Istros Books brought Bruckstein into the wider, English-speaking literary world, publishing two of his novellas, The Trap and The Rag Doll. Personally, I didn't know what to expect from this book. I've only vaguely heard about him but couldn't place his work in any context, either regional/local or Jewish in general. 
The novellas are insightful, with a strength of the storytelling that keeps you captivated during the reading while occupying your mind with many general human questions after you've finish. 
The Trap takes place in the context of the humiliations Jews had to deal with daily in his native Sighet. 'How easily a man accustoms himself to everything! Even to his own humiliation' says Ernst, the main character of the story. The friendly town he returned to from his architecture studies in Vienna 'had become a prison with invisible walls, and he had to escape from those walls'. He will survive the war, for ending up deported by the Russians following a completely absurd occurence. But besides the story in itself, written in the cadence of the old Hassidic stories told by the itinerant storyteller or the maggid there is something else that struck me: the fact that most situations and characters are in fact hiding behind the friendly welcoming appearance a darker side. From the beautiful walls of the Palace of Culture to the German polite/distant attitude of the art student from Berlin turned into SS cruel executant or the apparent friendliness of the peasants from the mountains, Ernst is the witness of the historical revelation of the beautiful appearances, of the human lows and weaknesses.

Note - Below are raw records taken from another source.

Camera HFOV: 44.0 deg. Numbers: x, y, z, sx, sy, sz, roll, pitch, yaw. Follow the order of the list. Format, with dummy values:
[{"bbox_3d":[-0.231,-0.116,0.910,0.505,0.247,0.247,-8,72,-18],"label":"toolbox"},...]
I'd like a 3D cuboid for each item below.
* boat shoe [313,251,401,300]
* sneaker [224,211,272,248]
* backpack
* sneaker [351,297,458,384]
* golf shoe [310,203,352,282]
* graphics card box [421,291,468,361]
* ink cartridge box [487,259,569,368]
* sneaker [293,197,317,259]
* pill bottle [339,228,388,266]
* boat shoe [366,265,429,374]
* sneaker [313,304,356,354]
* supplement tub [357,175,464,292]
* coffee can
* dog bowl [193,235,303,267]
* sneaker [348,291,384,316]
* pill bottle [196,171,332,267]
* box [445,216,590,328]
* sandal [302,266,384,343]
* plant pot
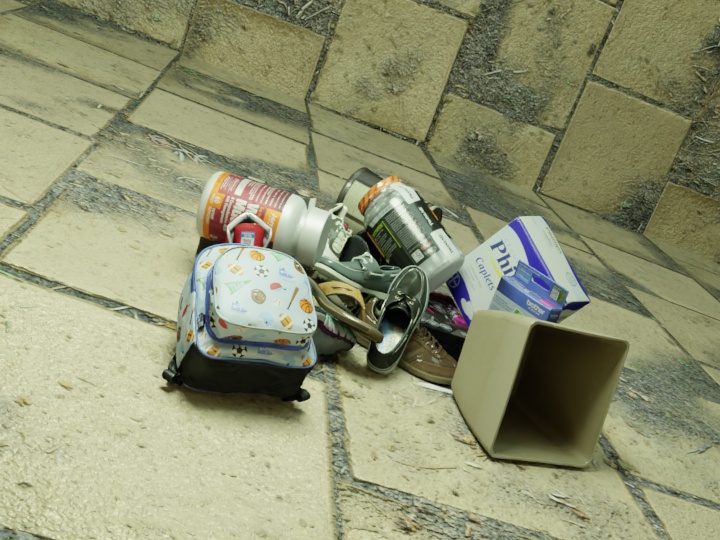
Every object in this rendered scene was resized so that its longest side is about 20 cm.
[{"bbox_3d":[0.000,0.000,1.442,0.072,0.063,0.199,21,-1,41],"label":"boat shoe"},{"bbox_3d":[-0.163,0.010,1.270,0.070,0.113,0.202,2,52,-17],"label":"sneaker"},{"bbox_3d":[-0.148,0.054,1.144,0.198,0.155,0.192,13,38,-30],"label":"backpack"},{"bbox_3d":[0.083,0.114,1.435,0.198,0.076,0.070,24,17,5],"label":"sneaker"},{"bbox_3d":[-0.060,-0.054,1.626,0.077,0.087,0.202,49,19,-38],"label":"golf shoe"},{"bbox_3d":[0.123,0.088,1.606,0.124,0.051,0.200,19,19,-14],"label":"graphics card box"},{"bbox_3d":[0.263,0.096,1.503,0.042,0.202,0.119,4,25,-43],"label":"ink cartridge box"},{"bbox_3d":[-0.131,-0.068,1.554,0.097,0.072,0.201,0,29,4],"label":"sneaker"},{"bbox_3d":[0.044,-0.026,1.733,0.111,0.113,0.199,34,21,32],"label":"pill bottle"},{"bbox_3d":[0.063,0.068,1.392,0.068,0.057,0.202,19,58,6],"label":"boat shoe"},{"bbox_3d":[-0.074,0.099,1.317,0.074,0.088,0.200,31,-5,29],"label":"sneaker"},{"bbox_3d":[0.087,-0.063,1.609,0.201,0.122,0.122,55,27,14],"label":"supplement tub"},{"bbox_3d":[0.060,-0.117,1.958,0.198,0.148,0.146,30,19,20],"label":"coffee can"},{"bbox_3d":[-0.180,0.009,1.441,0.197,0.059,0.200,20,18,-7],"label":"dog bowl"},{"bbox_3d":[0.003,0.029,1.584,0.076,0.076,0.199,31,18,20],"label":"sneaker"},{"bbox_3d":[-0.151,-0.078,1.417,0.197,0.111,0.110,18,17,6],"label":"pill bottle"},{"bbox_3d":[0.279,0.031,1.617,0.104,0.200,0.186,-1,59,-50],"label":"box"},{"bbox_3d":[-0.030,0.041,1.355,0.081,0.055,0.200,34,5,-44],"label":"sandal"},{"bbox_3d":[0.250,0.159,1.351,0.198,0.203,0.177,12,9,-30],"label":"plant pot"}]
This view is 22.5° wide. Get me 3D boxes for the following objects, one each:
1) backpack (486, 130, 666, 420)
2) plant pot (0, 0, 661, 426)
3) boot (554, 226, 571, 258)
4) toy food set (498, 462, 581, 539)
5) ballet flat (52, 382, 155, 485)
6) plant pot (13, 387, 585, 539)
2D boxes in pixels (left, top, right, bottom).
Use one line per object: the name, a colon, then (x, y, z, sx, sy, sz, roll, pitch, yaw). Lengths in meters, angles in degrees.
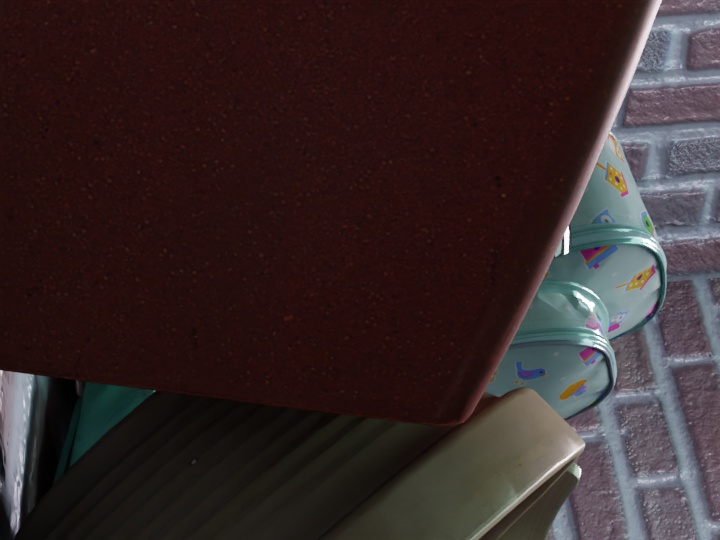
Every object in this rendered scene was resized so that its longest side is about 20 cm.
backpack: (0.075, 0.009, 1.015, 0.176, 0.199, 0.154, 61, 5, -63)
plant pot: (-0.030, -0.066, 0.485, 0.200, 0.199, 0.177, -101, -160, -79)
boot: (0.025, -0.103, 0.739, 0.200, 0.076, 0.169, -148, -129, -65)
toy food set: (-0.004, 0.136, 0.670, 0.060, 0.143, 0.201, 125, -14, -61)
ballet flat: (-0.076, 0.045, 0.678, 0.201, 0.070, 0.068, -97, -179, -50)
plant pot: (-0.036, 0.087, 0.533, 0.093, 0.201, 0.201, 47, -11, 12)

It is the experience that people that went through the horrors of the Shoah - as Bruckstein himself - had to live with thereafter. 
The Rag Doll approaches a different topic, but nothwistanding a common occurence in the life of Jews in this part of the world: mixed marriages, when the Jewish member shall give up/hide his/her identity. The lovestory between Theo and Hanna survived the harassment against the Jews during the war but failed when Theo met a much younger colleague at work. Hanna gave up her Friday evening candle lightning as a 'protection' for her daughters. But once in a while, she cannot stand still when she hears the usual anti-Semitic references or longing for her family home and the life with her parents, murdered during Shoah that disowned her anyway after marrying a non-Jew. The precise location of the story is not mentioned but the name of the characters sound Romanian with some Slavic/German sounding ones, typical for the multicultural border areas. 
Those two novellas by Bruckstein are important for the local Jewish history but also for the literary Jewish history in Romania. Hopefully, once the English translation is done, someone will have the idea to translate his works into Romanian as well. 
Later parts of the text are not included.